*** Provided material

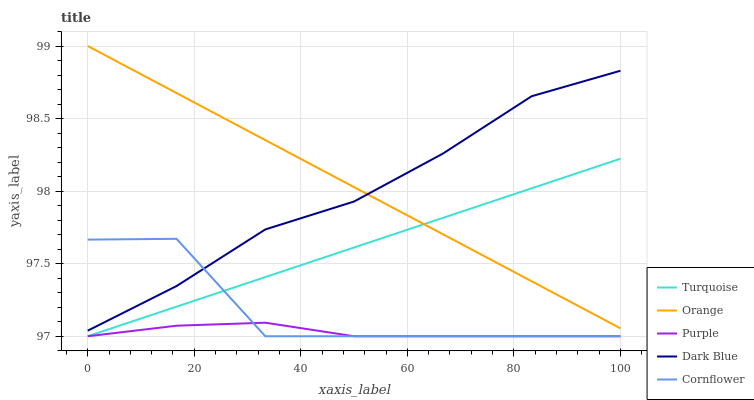Does Purple have the minimum area under the curve?
Answer yes or no. Yes. Does Orange have the maximum area under the curve?
Answer yes or no. Yes. Does Turquoise have the minimum area under the curve?
Answer yes or no. No. Does Turquoise have the maximum area under the curve?
Answer yes or no. No. Is Orange the smoothest?
Answer yes or no. Yes. Is Cornflower the roughest?
Answer yes or no. Yes. Is Purple the smoothest?
Answer yes or no. No. Is Purple the roughest?
Answer yes or no. No. Does Dark Blue have the lowest value?
Answer yes or no. No. Does Turquoise have the highest value?
Answer yes or no. No. Is Purple less than Orange?
Answer yes or no. Yes. Is Orange greater than Cornflower?
Answer yes or no. Yes. Does Purple intersect Orange?
Answer yes or no. No.

******

Work instructions.
Each line above that contains the word "than" must be copied.

Result below.
Answer yes or no. No. Is Purple less than Orange?
Answer yes or no. Yes. Is Orange greater than Cornflower?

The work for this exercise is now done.